Have you ever wrote something to someone else read? Of course you did! We are always writing something to someone, even for ourselves. And this is how I want to start defending my idea: write a piece of software is just like write a simple text, an article, a paper or even a book. You write it, and you write it clear, so anyone (even yourself) can read it later.

Let’s see an example of that. Suppose your are writing an e-mail to a friend of yours. Do you write a comment about what you wrote? Let me show you:

“Dear ‘Friend of Mine’, how are you? Have you started reading that book? (comment: I’m talking about the book of John Doe). I have just finished the reading of that other book (comment: I’m talking about Alice Cooper book) and I’m wondering if I can go there (comment: your house) and get another book.“

Will your friend understand what you wrote?
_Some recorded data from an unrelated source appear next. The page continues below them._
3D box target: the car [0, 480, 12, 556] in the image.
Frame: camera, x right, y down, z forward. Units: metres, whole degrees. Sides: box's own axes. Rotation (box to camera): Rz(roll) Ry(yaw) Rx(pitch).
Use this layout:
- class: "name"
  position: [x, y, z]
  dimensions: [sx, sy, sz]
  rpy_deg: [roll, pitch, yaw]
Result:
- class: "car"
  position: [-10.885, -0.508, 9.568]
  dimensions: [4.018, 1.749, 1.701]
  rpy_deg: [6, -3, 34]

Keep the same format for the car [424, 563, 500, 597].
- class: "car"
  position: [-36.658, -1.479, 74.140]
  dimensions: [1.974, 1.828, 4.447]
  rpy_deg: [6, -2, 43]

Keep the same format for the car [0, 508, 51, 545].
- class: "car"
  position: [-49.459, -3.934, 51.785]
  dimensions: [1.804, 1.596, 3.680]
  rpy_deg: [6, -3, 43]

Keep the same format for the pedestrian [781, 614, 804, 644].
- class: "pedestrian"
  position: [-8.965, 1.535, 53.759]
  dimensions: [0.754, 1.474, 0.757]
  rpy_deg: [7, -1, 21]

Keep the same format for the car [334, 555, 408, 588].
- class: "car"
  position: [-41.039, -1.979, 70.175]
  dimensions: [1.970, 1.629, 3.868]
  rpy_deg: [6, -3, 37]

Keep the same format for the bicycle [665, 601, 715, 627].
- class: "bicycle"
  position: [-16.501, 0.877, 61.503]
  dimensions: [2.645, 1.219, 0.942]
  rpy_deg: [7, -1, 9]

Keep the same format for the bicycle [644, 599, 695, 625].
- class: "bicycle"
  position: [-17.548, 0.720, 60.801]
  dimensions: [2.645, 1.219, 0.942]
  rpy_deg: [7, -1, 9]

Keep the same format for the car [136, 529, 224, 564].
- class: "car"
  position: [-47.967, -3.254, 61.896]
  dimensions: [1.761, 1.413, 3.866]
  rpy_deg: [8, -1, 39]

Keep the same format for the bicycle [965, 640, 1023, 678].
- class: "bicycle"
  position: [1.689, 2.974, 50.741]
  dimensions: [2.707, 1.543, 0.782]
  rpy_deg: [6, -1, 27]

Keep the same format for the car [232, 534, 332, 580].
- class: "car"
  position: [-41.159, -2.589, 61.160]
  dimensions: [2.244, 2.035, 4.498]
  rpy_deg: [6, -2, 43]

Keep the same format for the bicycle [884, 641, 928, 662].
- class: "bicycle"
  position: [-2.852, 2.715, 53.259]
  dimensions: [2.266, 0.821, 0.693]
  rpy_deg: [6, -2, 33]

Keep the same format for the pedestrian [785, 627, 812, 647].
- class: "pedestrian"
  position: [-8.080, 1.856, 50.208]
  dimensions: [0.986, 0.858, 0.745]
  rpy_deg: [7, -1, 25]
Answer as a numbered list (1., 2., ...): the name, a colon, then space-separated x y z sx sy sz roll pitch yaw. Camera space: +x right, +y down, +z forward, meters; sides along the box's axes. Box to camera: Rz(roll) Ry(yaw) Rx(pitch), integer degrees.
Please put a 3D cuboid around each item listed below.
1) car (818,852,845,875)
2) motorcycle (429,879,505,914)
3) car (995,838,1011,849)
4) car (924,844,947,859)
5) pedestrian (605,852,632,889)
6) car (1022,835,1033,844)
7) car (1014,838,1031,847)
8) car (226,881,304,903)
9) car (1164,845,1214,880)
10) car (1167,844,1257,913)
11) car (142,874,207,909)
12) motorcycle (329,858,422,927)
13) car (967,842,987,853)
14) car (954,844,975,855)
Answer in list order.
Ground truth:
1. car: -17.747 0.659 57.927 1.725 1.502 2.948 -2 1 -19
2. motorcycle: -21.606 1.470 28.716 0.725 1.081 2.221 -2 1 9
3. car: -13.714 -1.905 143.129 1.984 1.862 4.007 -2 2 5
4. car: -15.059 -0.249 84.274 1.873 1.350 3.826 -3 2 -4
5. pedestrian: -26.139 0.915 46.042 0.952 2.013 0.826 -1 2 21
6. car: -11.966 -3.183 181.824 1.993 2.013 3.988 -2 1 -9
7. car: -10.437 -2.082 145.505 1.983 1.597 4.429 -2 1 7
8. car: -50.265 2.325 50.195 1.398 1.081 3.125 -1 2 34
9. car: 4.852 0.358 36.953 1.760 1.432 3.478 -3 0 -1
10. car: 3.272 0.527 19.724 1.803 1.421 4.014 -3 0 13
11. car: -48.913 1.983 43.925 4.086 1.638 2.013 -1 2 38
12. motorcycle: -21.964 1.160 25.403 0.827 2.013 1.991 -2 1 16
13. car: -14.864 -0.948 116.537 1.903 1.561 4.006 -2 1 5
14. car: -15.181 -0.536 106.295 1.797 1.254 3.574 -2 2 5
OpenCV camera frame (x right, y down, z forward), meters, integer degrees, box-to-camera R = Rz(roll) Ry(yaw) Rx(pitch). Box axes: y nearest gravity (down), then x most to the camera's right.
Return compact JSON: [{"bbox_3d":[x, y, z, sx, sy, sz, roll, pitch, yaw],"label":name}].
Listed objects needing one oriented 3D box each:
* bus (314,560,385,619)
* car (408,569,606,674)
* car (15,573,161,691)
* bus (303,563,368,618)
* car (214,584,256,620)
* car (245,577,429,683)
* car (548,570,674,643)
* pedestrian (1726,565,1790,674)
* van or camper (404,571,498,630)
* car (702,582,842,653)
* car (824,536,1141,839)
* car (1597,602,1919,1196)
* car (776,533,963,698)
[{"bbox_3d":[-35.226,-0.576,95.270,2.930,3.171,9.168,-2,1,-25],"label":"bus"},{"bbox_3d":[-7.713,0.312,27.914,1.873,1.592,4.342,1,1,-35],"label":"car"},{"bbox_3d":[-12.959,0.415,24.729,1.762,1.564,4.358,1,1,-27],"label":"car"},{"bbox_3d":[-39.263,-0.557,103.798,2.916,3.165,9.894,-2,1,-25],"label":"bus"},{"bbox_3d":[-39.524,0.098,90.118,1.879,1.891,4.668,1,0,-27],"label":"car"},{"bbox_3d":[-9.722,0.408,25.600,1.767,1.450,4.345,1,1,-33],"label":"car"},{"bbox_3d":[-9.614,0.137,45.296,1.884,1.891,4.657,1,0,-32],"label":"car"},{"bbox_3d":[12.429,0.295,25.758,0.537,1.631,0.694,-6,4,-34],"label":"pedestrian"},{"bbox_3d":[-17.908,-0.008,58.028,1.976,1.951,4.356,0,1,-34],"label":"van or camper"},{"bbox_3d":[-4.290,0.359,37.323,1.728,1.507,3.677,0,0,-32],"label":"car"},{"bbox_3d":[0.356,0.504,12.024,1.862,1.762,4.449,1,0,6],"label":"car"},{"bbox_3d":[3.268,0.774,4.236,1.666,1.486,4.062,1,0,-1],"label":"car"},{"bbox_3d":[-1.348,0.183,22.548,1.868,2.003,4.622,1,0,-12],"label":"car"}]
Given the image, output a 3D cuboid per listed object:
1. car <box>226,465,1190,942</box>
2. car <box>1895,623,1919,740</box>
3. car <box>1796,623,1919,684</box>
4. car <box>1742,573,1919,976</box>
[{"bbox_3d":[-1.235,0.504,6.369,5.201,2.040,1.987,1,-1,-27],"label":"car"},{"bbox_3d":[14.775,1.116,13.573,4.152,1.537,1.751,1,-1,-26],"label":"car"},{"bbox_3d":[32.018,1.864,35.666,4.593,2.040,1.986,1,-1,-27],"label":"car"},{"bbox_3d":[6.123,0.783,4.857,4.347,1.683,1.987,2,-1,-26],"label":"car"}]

Probably yes! But, is it a good reading? Can you read smoothly? Probably not! Why can’t you put all the information, that are in the form of comments, inside the text itself? Let’s see how it could be:

“Dear ‘Friend of Mine’, how are you? Have you started reading John Doe’s book? I have just finished the reading of the Alice Cooper one. And I was wondering if I can go to your house and get another one.”

If you are reading this blog you are probably a developer! And if yes, you have also started to get what I’m trying to say here. Writing software is just like writing a piece of text, the only difference is that your are writing instructions, but you are writing it in a different language.

There is also a problem, most of us write code in a way that is enough for the computer to understand. If it compiles, than the computer will understand and the code is OK. That’s not true! Because the computer is not the only one that is going to read that “text”. If your software is not dead, you will read the source code later, other developers will, and even good testers will probably want to read it too.

I like a sentence that I’ve read in uncle Bob’s book, Clean Code, that says:

“The proper use of comments is to compensate for our failure to express ourself in code.”

He means that if we need to write some comment on our code to explain what we are doing, it means that we are not skilled enough, on the language we are using, to express ourselves. Read uncle Bob’s book awoke me to care about my code. But getting this point of view, about self expression on source code, was the most valuable jewel I’ve found on it.

I can’t dive into all the bad things about writing comments, that would be a “copy” of his book. So I prefer to encourage you to read the entire book, specially the chapter 4.

I also wanna close this post citing Steve McConnell:

"Good code is its own best documentation. As you're about to add a comment, ask yourself, 'How can I improve the code so that this comment isn't needed?'"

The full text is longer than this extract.